If we can vary the density of the iceberg, we will be able to see some amazing characteristics of ice -- and of stuttering! We have light, medium and heavy ice...
Light: The density is like Styrofoam, 95% above, 5% below. Depending on the SIZE of the iceberg, this may still be a serious problem -- but easily worked by fluency shaping techniques. Young children typically have this condition. Work on the fluency, including family counseling, speech modeling, and language development, and it's possible to actually CURE this condition! Hooray!

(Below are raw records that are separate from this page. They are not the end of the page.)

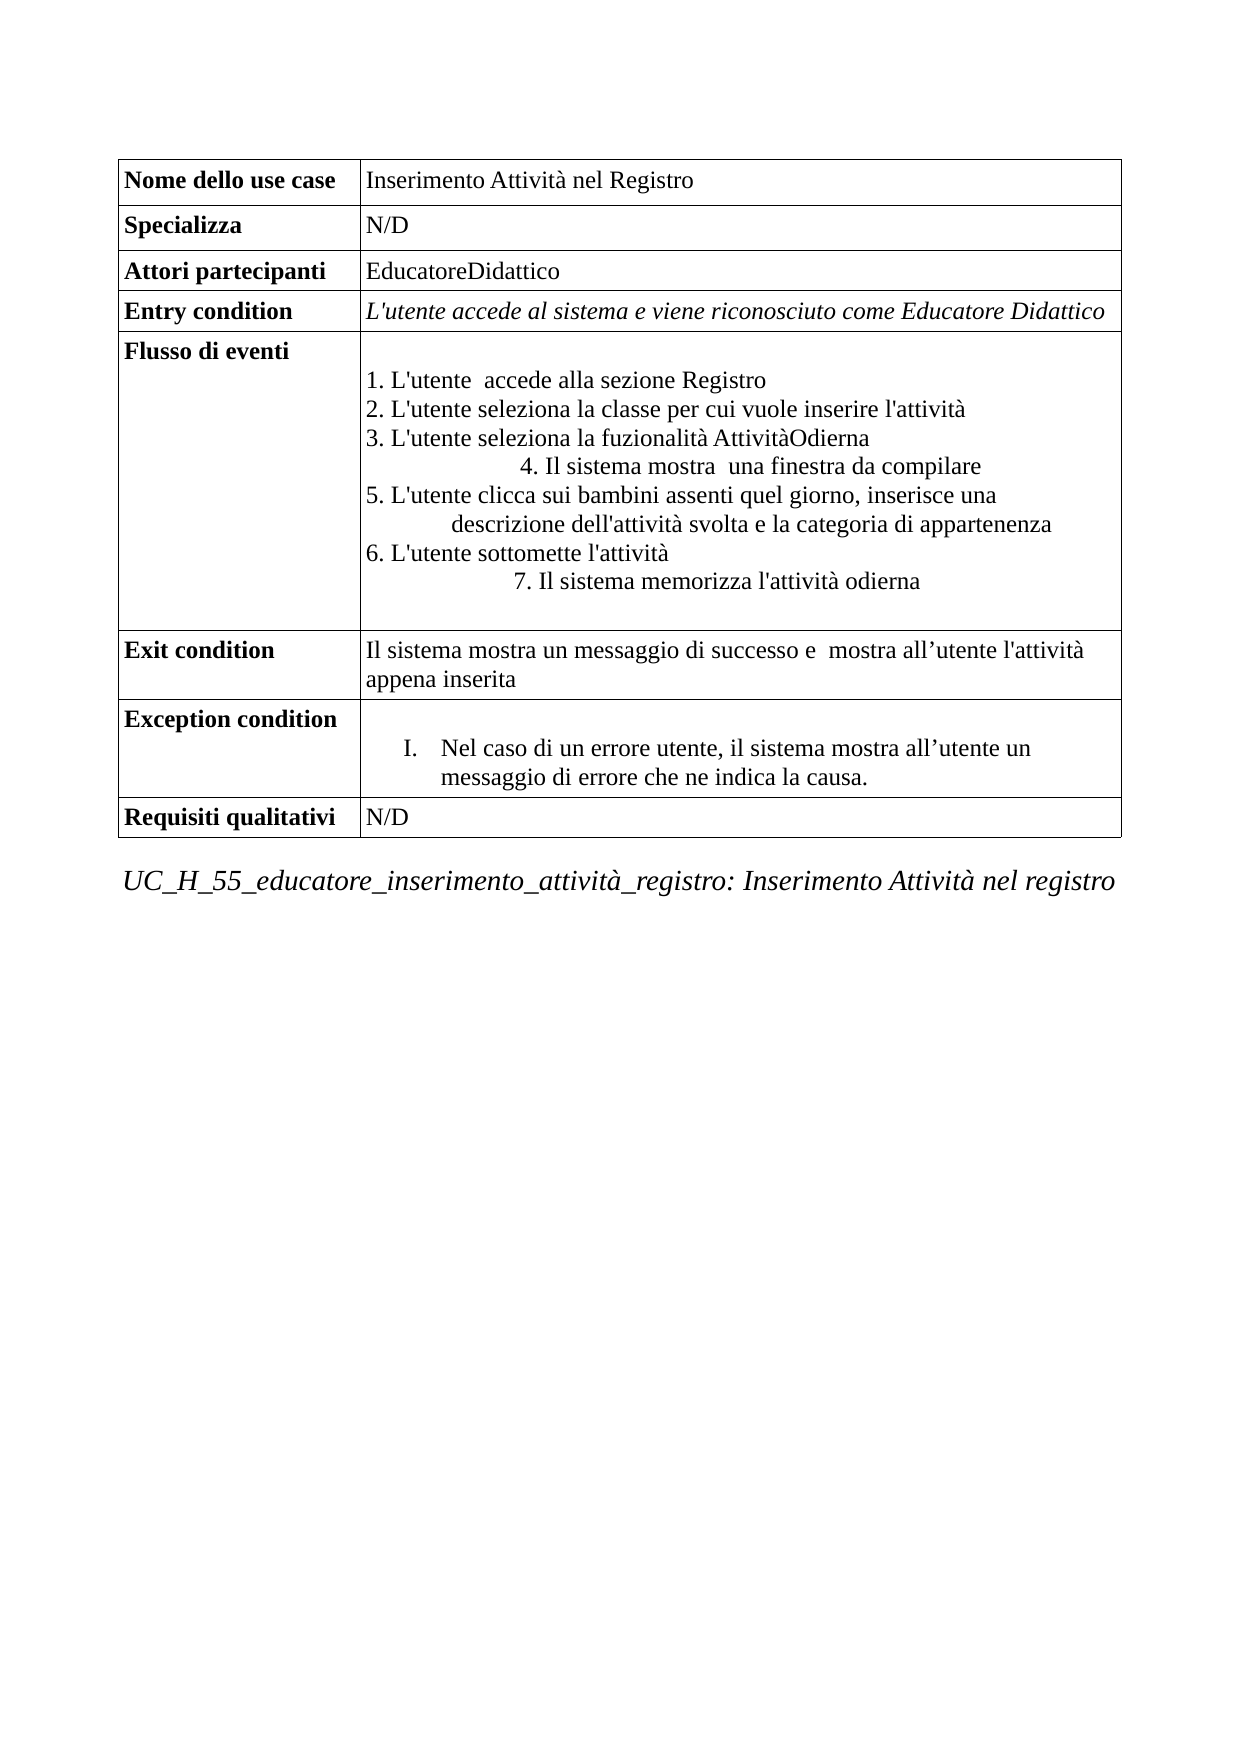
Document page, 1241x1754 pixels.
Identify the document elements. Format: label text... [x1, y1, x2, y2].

table_cell N/D [361, 206, 1121, 250]
table_cell Entry condition [119, 291, 360, 331]
table_cell Attori partecipanti [119, 251, 360, 290]
table_cell Specializza [119, 206, 360, 250]
table_cell Nel caso di un errore utente, il sistema mostra all’utente un messaggio di errore che ne indica la causa. [361, 700, 1121, 797]
table_cell L'utente accede alla sezione Registro L'utente seleziona la classe per cui vuole inserire l'attività L'utente seleziona la fuzionalità AttivitàOdierna Il sistema mostra una finestra da compilare L'utente clicca sui bambini assenti quel giorno, inserisce una descrizione dell'attività svolta e la categoria di appartenenza L'utente sottomette l'attività Il sistema memorizza l'attività odierna [361, 332, 1121, 630]
table_cell Exit condition [119, 631, 360, 699]
table_cell EducatoreDidattico [361, 251, 1121, 290]
table_cell Flusso di eventi [119, 332, 360, 630]
table_cell Requisiti qualitativi [119, 798, 360, 837]
table_header Nome dello use case [119, 160, 360, 205]
table_cell N/D [361, 798, 1121, 837]
table_cell Exception condition [119, 700, 360, 797]
table_cell L'utente accede al sistema e viene riconosciuto come Educatore Didattico [361, 291, 1121, 331]
table_cell Il sistema mostra un messaggio di successo e mostra all’utente l'attività appena inserita [361, 631, 1121, 699]
table_header Inserimento Attività nel Registro [361, 160, 1121, 205]
text UC_H_55_educatore_inserimento_attività_registro: Inserimento Attività nel registro [118, 863, 1122, 897]
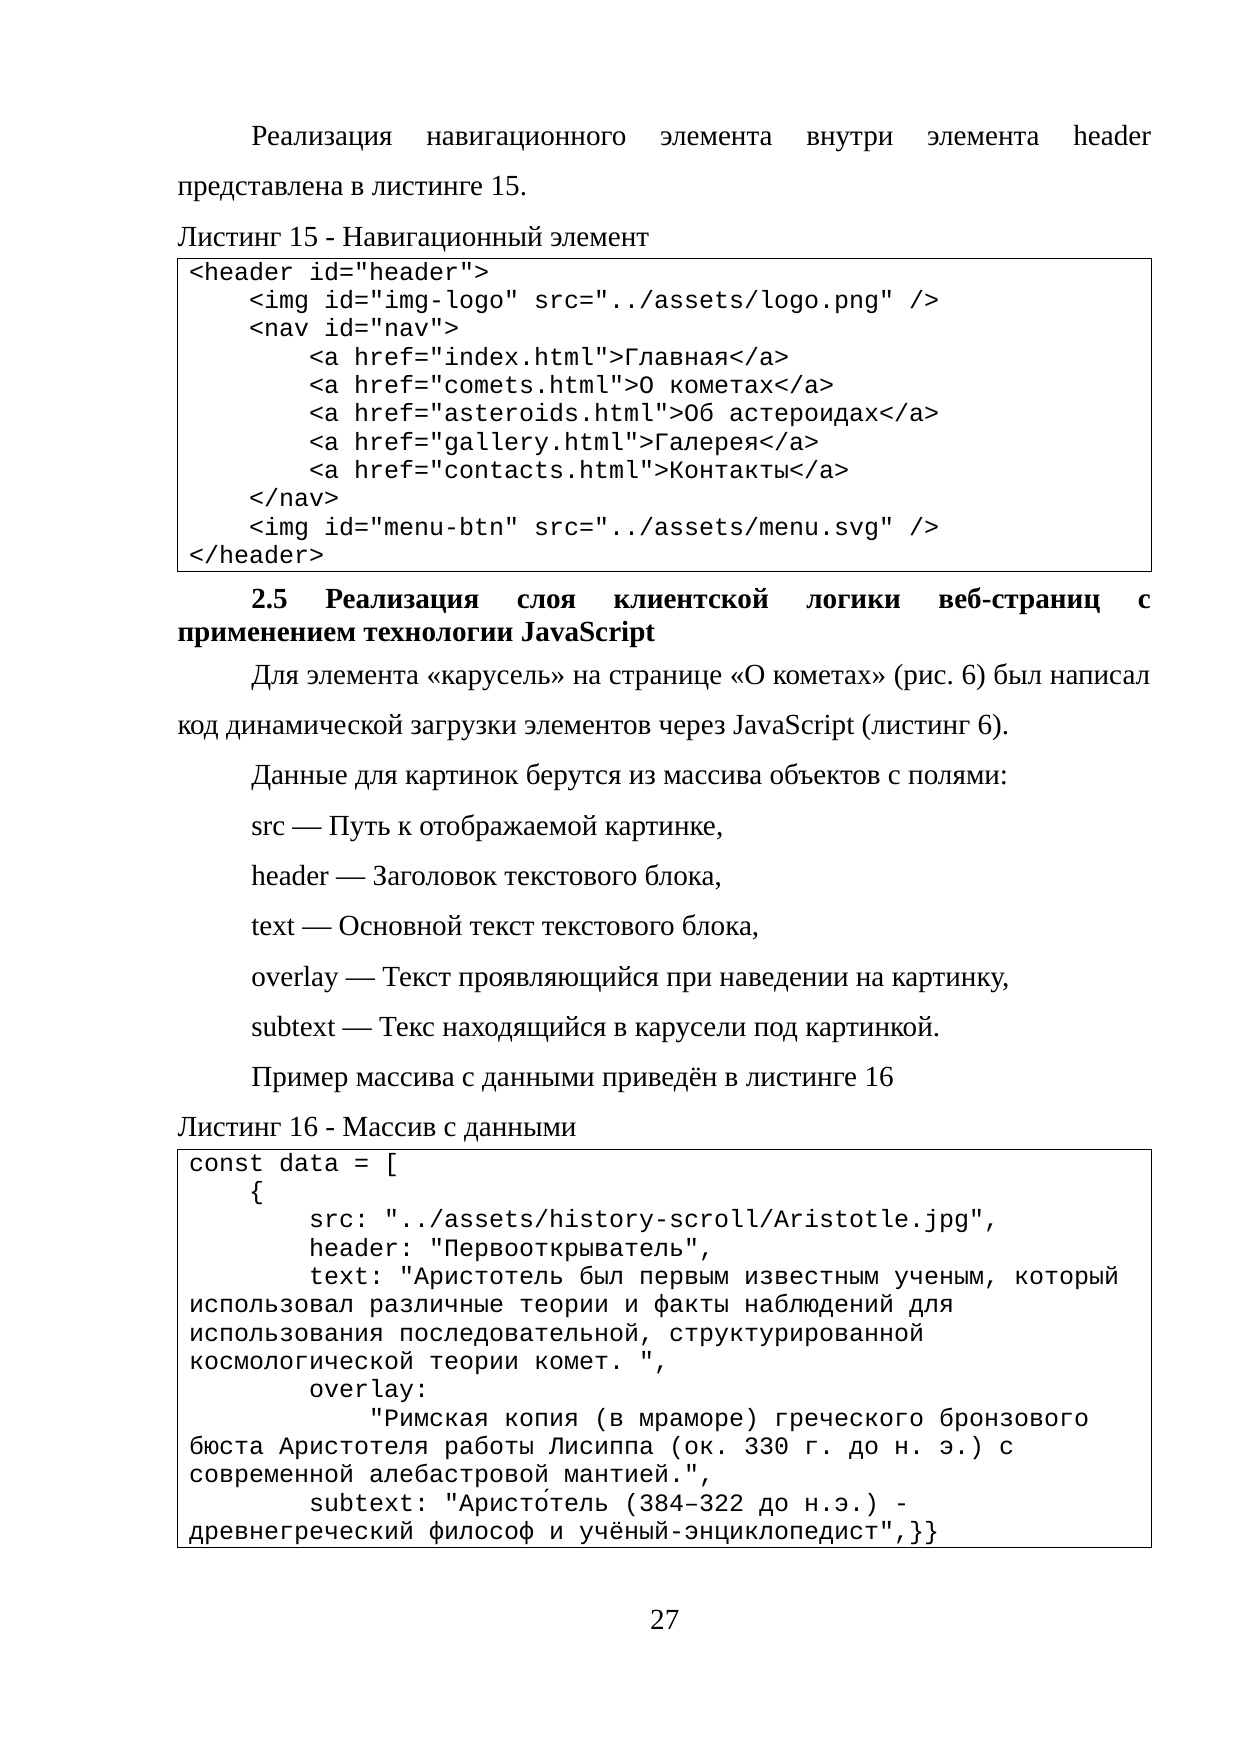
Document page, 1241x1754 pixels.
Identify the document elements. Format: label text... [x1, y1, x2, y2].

text src — Путь к отображаемой картинке, [177, 808, 1152, 841]
text text — Основной текст текстового блока, [177, 908, 1152, 942]
text Реализация навигационного элемента внутри элемента header представлена в листинге 15. [177, 118, 1152, 202]
text header — Заголовок текстового блока, [177, 858, 1152, 892]
table_header <header id="header"> <img id="img-logo" src="../assets/logo.png" /> <nav id="nav"> <a href="index.html">Главная</a> <a href="comets.html">О кометах</a> <a href="asteroids.html">Об астероидах</a> <a href="gallery.html">Галерея</a> <a href="contacts.html">Контакты</a> </nav> <img id="menu-btn" src="../assets/menu.svg" /> </header> [178, 259, 1151, 571]
text subtext — Текс находящийся в карусели под картинкой. [177, 1009, 1152, 1042]
text Листинг 16 - Массив с данными [177, 1109, 1152, 1143]
subtitle 2.5 Реализация слоя клиентской логики веб-страниц с применением технологии JavaScript [177, 581, 1152, 648]
text Для элемента «карусель» на странице «О кометах» (рис. 6) был написал код динамической загрузки элементов через JavaScript (листинг 6). [177, 657, 1152, 741]
text Листинг 15 - Навигационный элемент [177, 219, 1152, 252]
text Данные для картинок берутся из массива объектов с полями: [177, 757, 1152, 791]
table_header const data = [ { src: "../assets/history-scroll/Aristotle.jpg", header: "Первооткрыватель", text: "Аристотель был первым известным ученым, который использовал различные теории и факты наблюдений для использования последовательной, структурированной космологической теории комет. ", overlay: "Римская копия (в мраморе) греческого бронзового бюста Аристотеля работы Лисиппа (ок. 330 г. до н. э.) с современной алебастровой мантией.", subtext: "Аристо́тель (384–322 до н.э.) - древнегреческий философ и учёный-энциклопедист",}} [178, 1150, 1151, 1547]
text Пример массива с данными приведён в листинге 16 [177, 1059, 1152, 1093]
text overlay — Текст проявляющийся при наведении на картинку, [177, 959, 1152, 992]
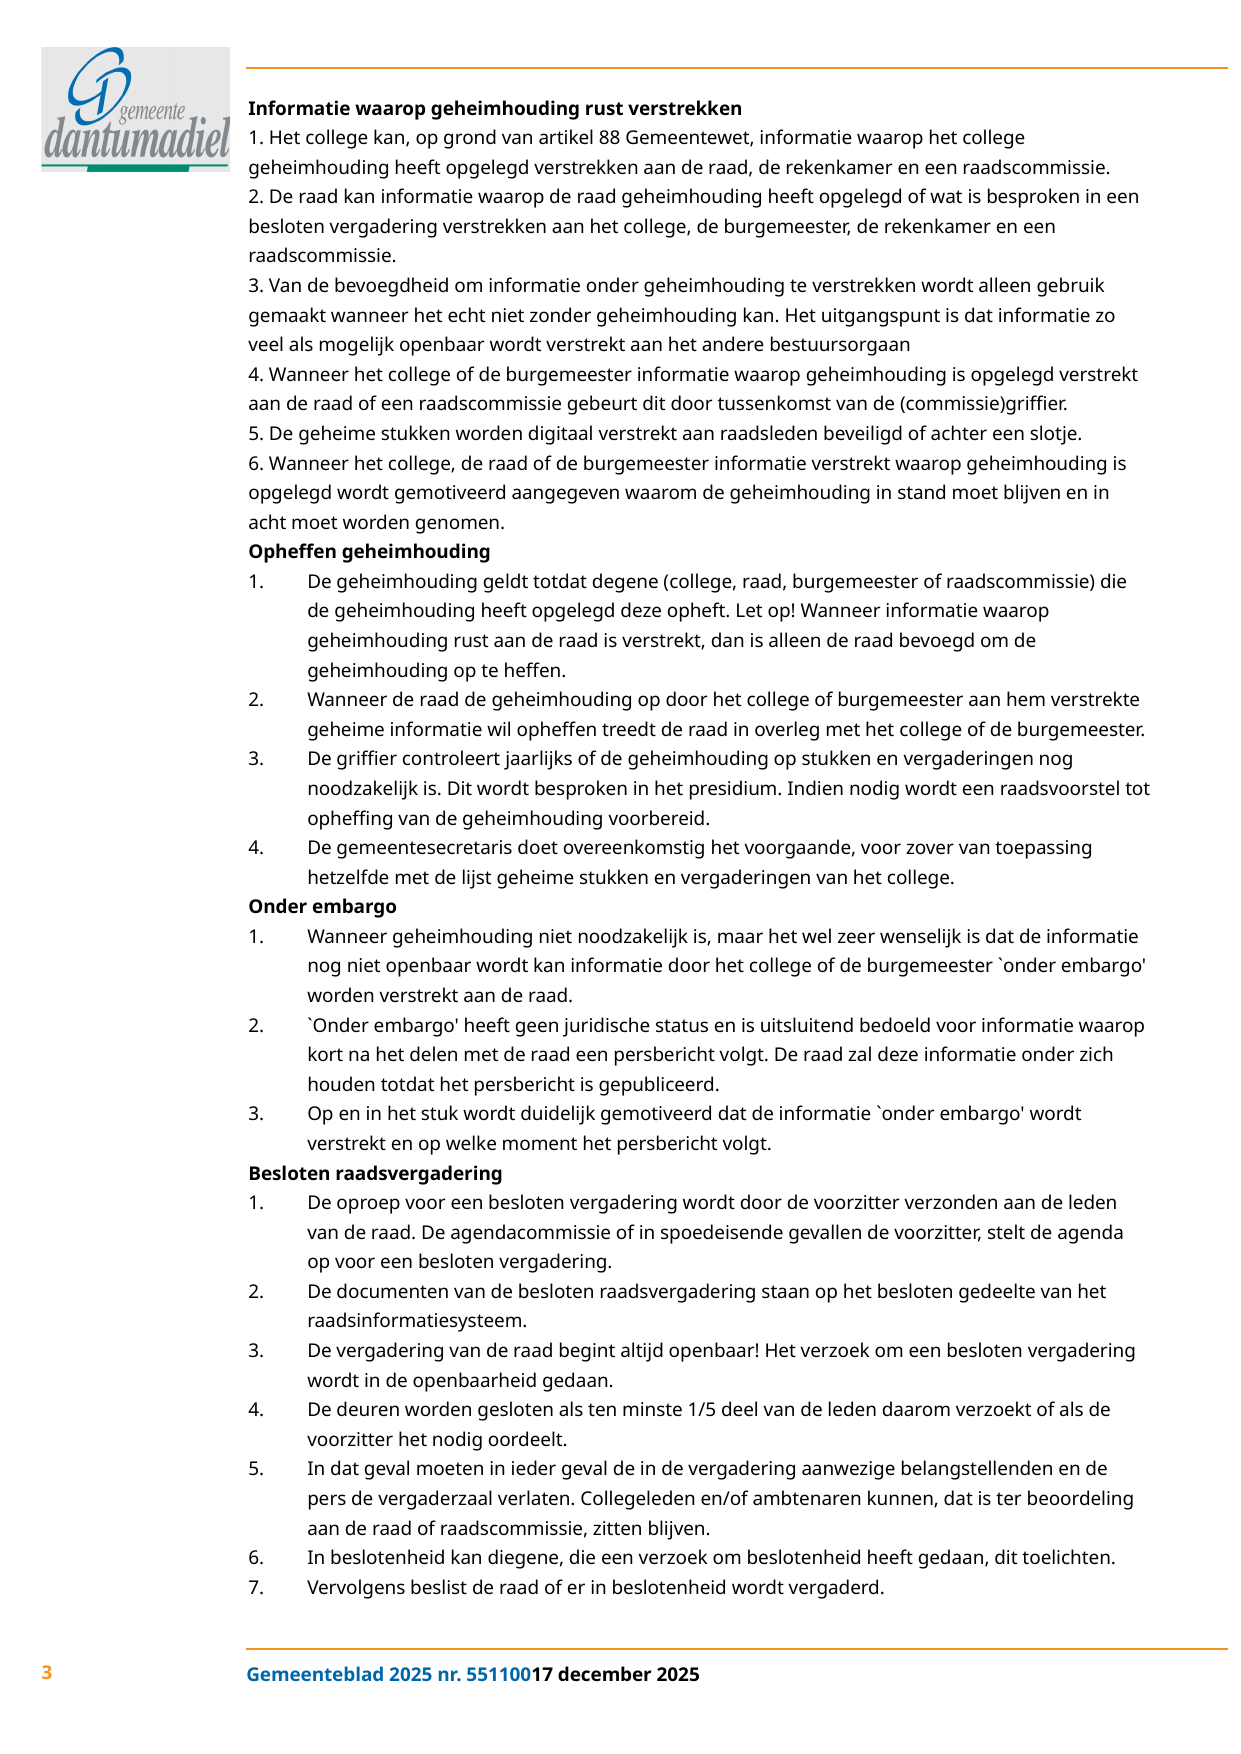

Medium: 10% above, 90% below. This is typical chronic adult stuttering. Fluency shaping itself is probably not enough. You need to attack the emotional baggage also. (Keep in mind that every stutterer is different, so different techniques may be effective for one stutterer and not effective for others.)
Heavy: 1% (or less!) above, 99% (or more!) below. This is COVERT "interiorized" stuttering. Covert stutterers -- stutterers who don't stutter! -- can often pass for totally fluent people! But the emotional baggage they have below the waterline is absolutely enormous! Fluency shaping by itself is rarely effective for these people. You've GOT to use lots of psychological tools to work below the waterline. This topic is probably worth another entire ISAD paper, some already written. See Leiven Grommen's excellent article on this topic at http://www.mnsu.edu/comdis/isad2/papers/grommen.html . Cathy Olish's extremely successful "Covert Stuttering Exposed" workshops at the last several NSA conferences are other examples of the emergence of the concept of covert stuttering.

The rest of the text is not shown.